Annual Protecting Families Conference educates many on internet safety
By MICHELLE DELANEY, Globe staff reporter
With every passing day, technology keeps advancing. While it seems like children are unfazed by the ever-changing world of computers and smart phones, keeping up may not come as easy to older generations.
This can be a scary thought for anyone who is in charge of keeping children safe from online predators. In an effort to educate parents, social workers, police, nurses, psychologists, attorneys and any other interested person, the Mercy Child Advocacy Center, a service of Mercy Medical Center-Sioux City, hosted the annual spring Protecting Families Conference on April 20.
The keynote speaker, Robert Hugh Farley, MS, presented four lectures throughout the day. Farley, a retired commanding officer of the Cook County Sheriff’s Police, Child Exploitation Unit in Chicago, addressed conference attendees on the topic of “Investigating Technology Facilitated Crimes Against Children.” Farley is one of the child abuse experts in the two VIRTUS videos that the Diocese of Sioux City shows to adults looking to interact with children.
In addition to Farley’s talks, Deadra Stanton, MS, presented during the lunch hour.
Farley’s key points
The course was designed to illustrate the ever-growing problem of child molesters who target children through internet and cell phones. With over 28 years of experience conducting and supervising all aspects of child abuse investigations, Farley gave insight on the techniques used by predators. He also explored the interview and interrogation techniques that can be used in child exploitation investigations.
Farley began his presentation by explaining why this is a growing problem. He pointed out that using a computer is second nature to children. As he put it, “most children are naïve to the fact that some people in the world will view their pictures or videos in a sexual manner.”
He advised that computers be put in a common area or a living room and never set up in a child’s bedroom where they can go online unmonitored. He also recommended that people don’t post personal information or photos online. He showed the audience just how easy it is for people to get past privacy blocks and obtain personal information.
“Computers and cell phones have resulted in new and easier techniques for molesters to gain access to children,” said Farley.
A considerable amount of time was spent discussing the dangers of chat rooms.

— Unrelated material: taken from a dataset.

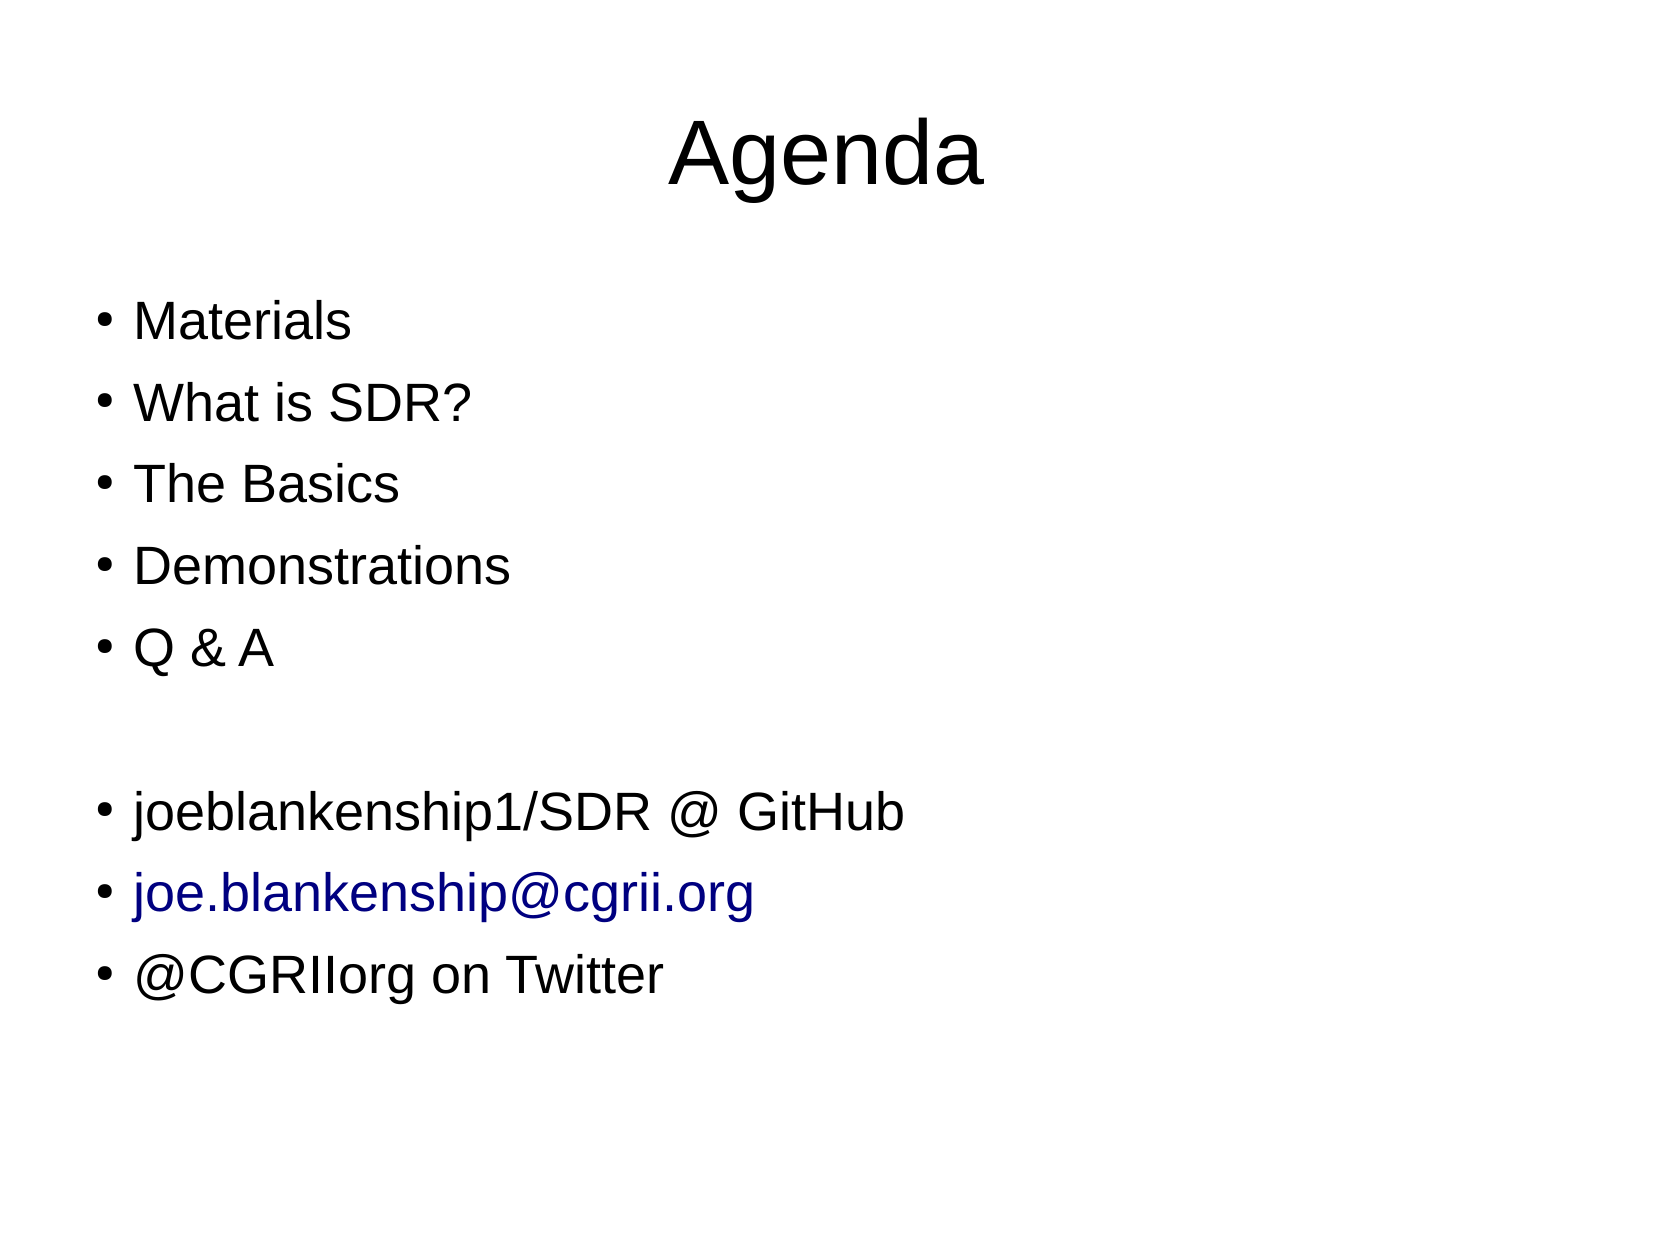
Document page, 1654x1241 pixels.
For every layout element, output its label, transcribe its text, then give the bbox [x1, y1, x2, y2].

As Farley explained, this is where predators can pose as a child and befriend an unsuspecting kid.
After identifying just how predators can target a child and all of the different ways they can access children through Facebook, Twitter, chat rooms, cell phones and other methods, he gave ways to monitor children and ways to identify red flags.
He suggested parents get a spy software program installed on the child’s computer that will monitor what sites children are viewing and who they are talking to. He also explored websites that will help parents find their children’s social media accounts.
How to make a complaint and how companies should handle claims was also discussed by Farley. Also, he gave specific questions that victims should be asked.
The audience for this conference was widely varied from professionals to students to parents.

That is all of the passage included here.